• _Task requirements_
For this exercise, output the line holding "#1 plate (626,1006,1315,1239)" and all subsequent lines of the entries below, unchanged, up to and including the last.
(Provided entries begins)
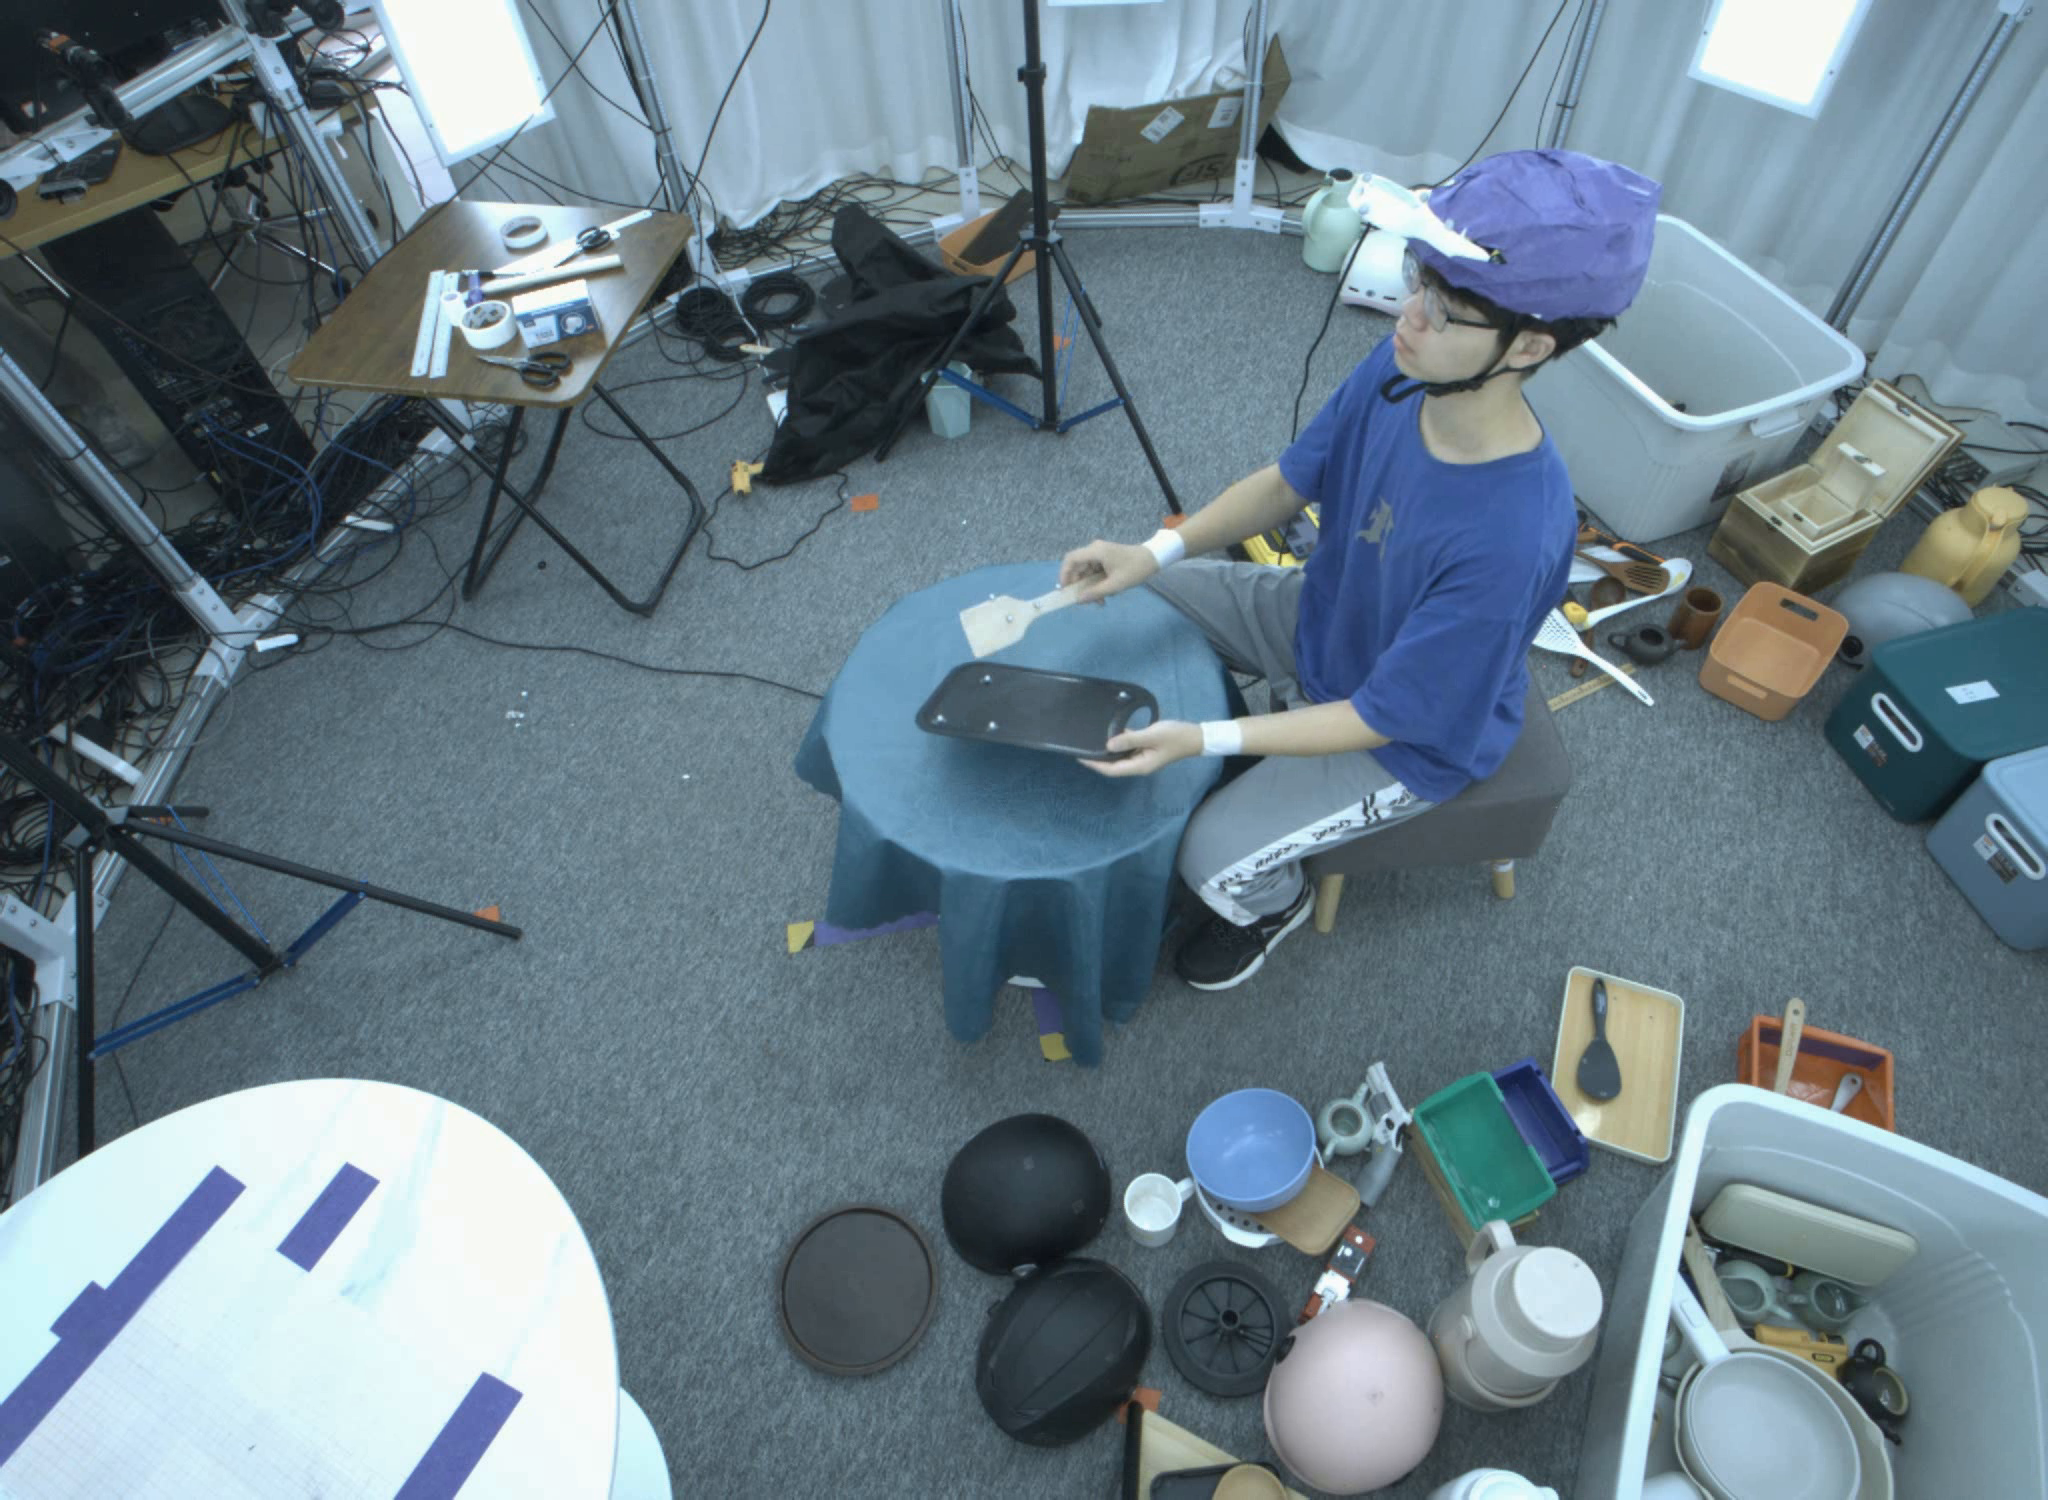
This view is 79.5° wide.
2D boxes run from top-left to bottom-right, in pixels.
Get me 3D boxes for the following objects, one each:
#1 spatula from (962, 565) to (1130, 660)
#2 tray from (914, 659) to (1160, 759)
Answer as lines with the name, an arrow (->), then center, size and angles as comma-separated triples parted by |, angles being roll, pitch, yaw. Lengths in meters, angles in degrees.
spatula -> 0.039, -0.213, 1.784 | 0.296, 0.010, 0.072 | -26, 102, -28
tray -> 0.025, -0.061, 1.700 | 0.322, 0.010, 0.211 | 10, 34, 15
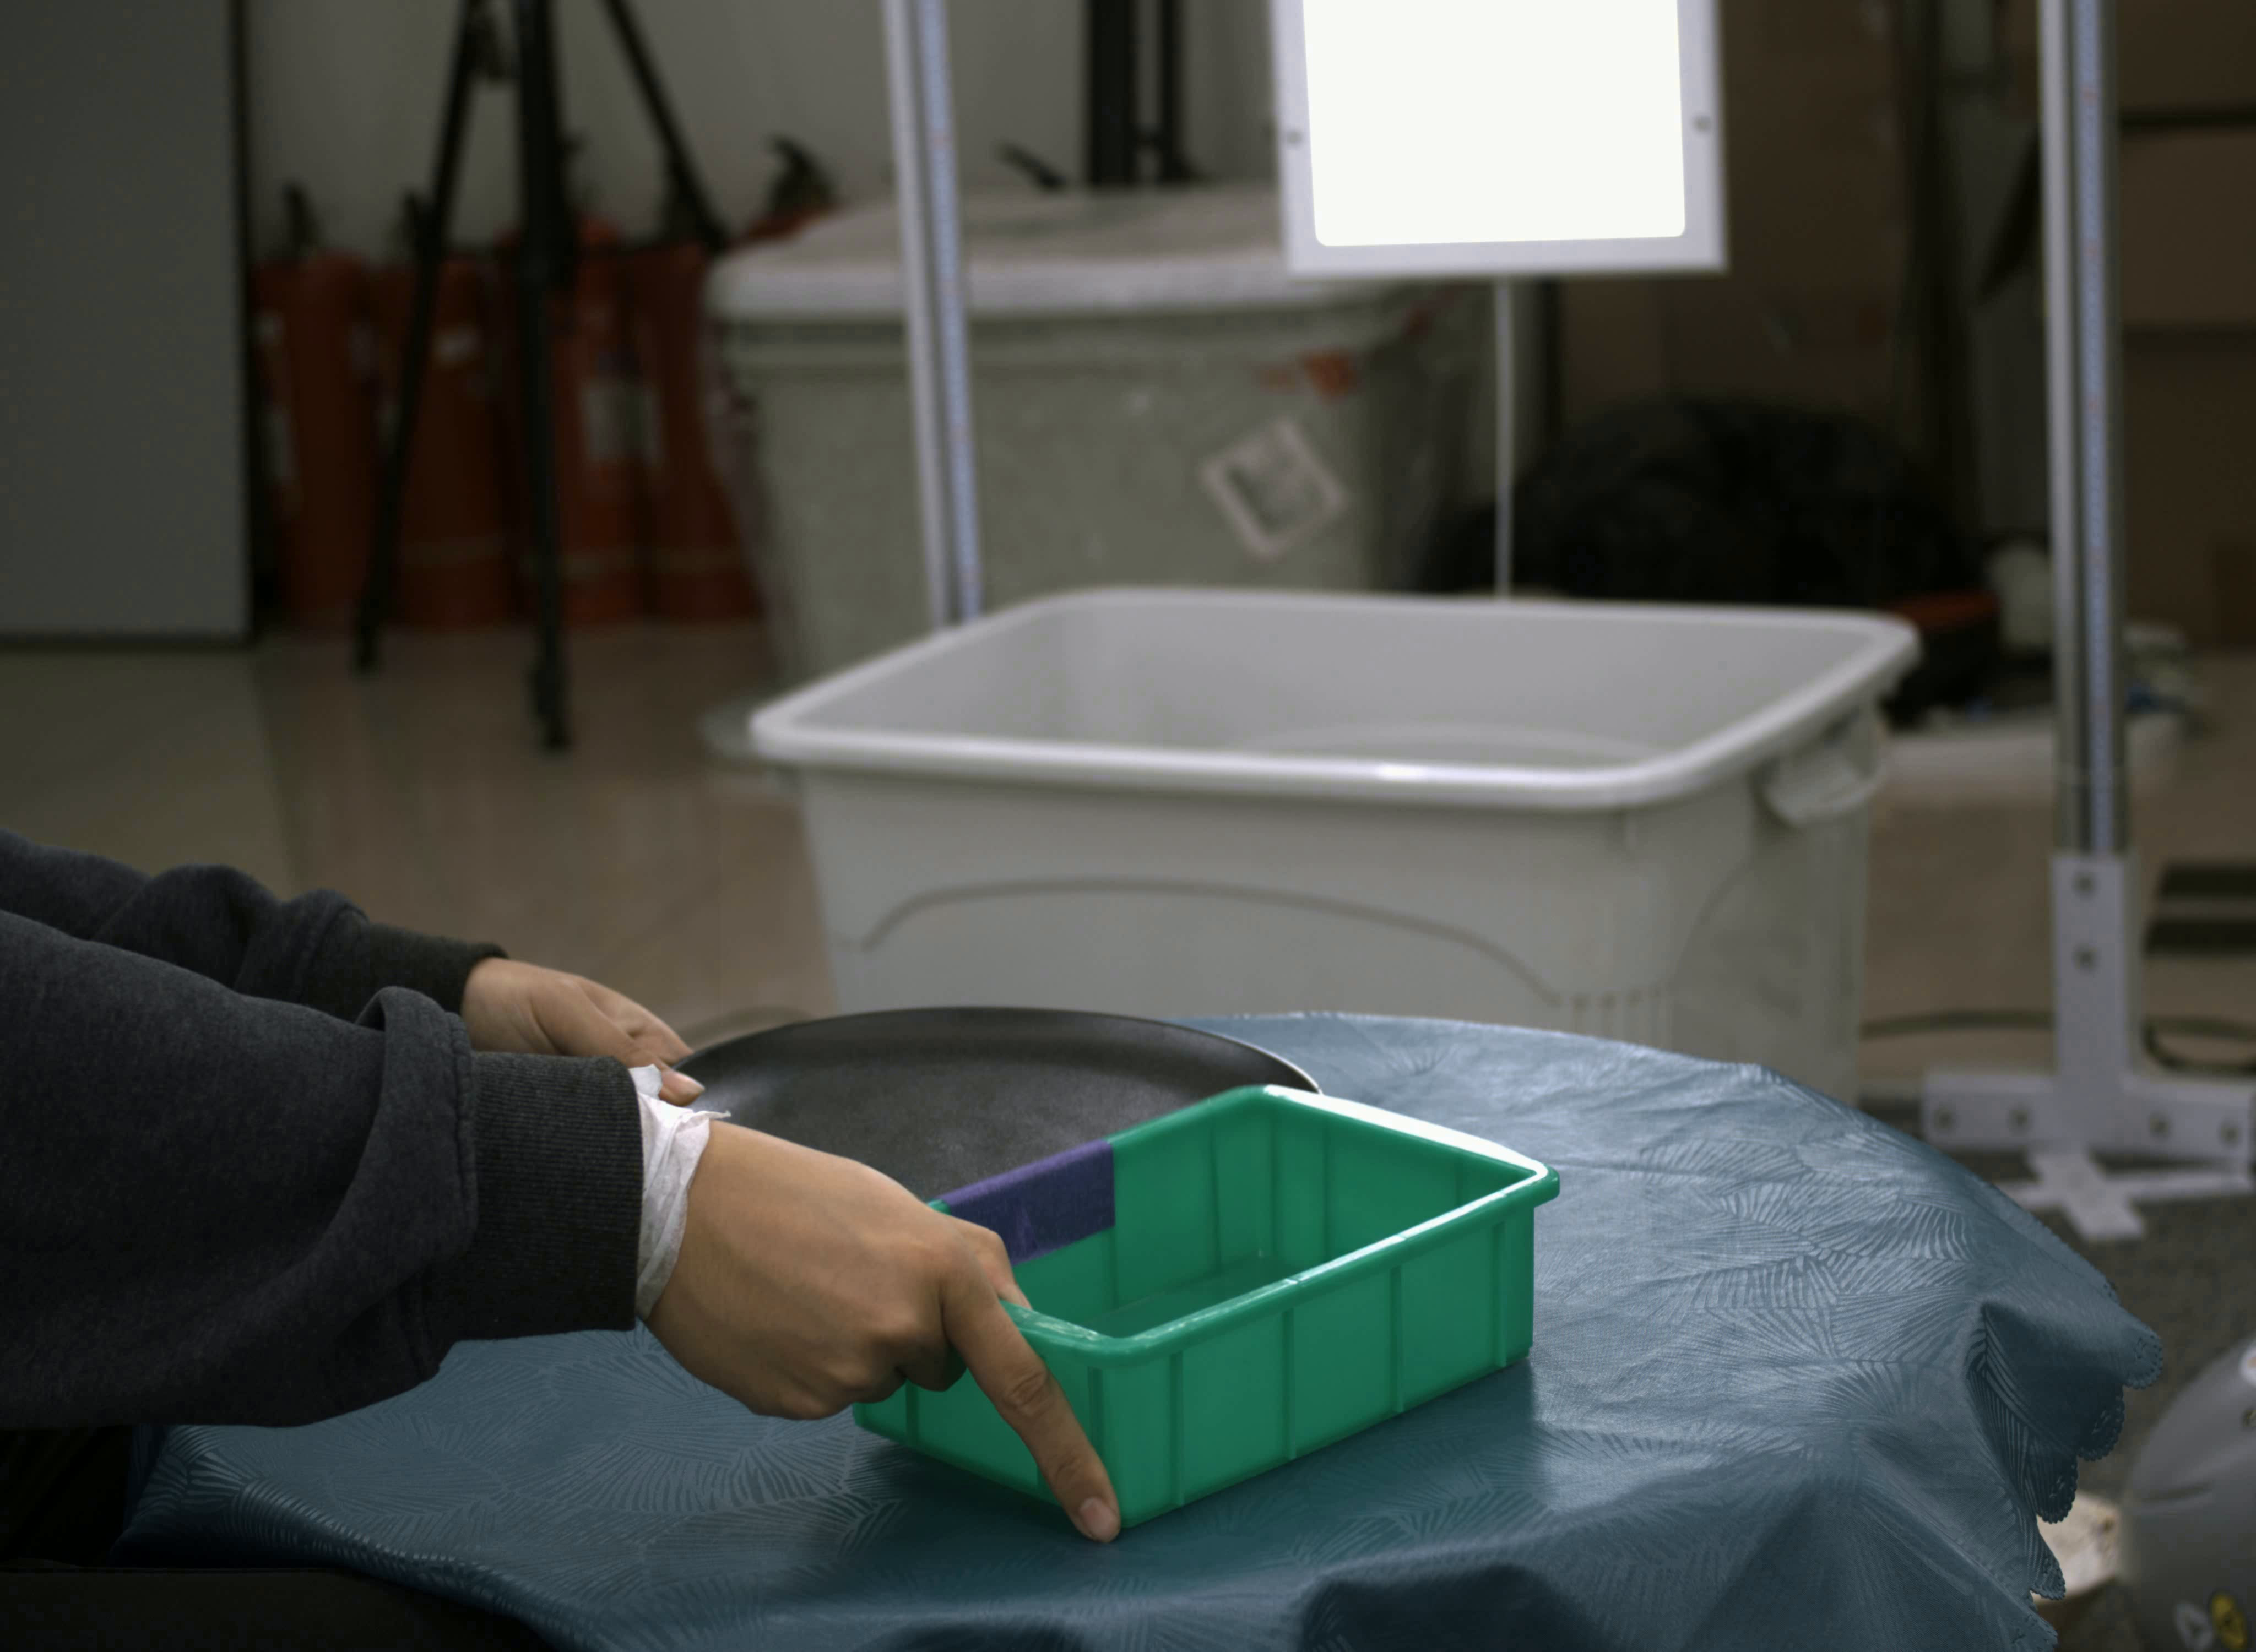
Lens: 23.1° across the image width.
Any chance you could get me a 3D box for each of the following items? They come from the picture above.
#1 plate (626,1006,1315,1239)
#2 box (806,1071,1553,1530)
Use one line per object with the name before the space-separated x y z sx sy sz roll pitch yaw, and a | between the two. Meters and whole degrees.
(Provided entries ends)
• _Result below_
#1 plate (626,1006,1315,1239)
#2 box (806,1071,1553,1530)
Use one line per object with the name before the space-separated x y z sx sy sz roll pitch yaw, and a | between the two. Meters and whole degrees.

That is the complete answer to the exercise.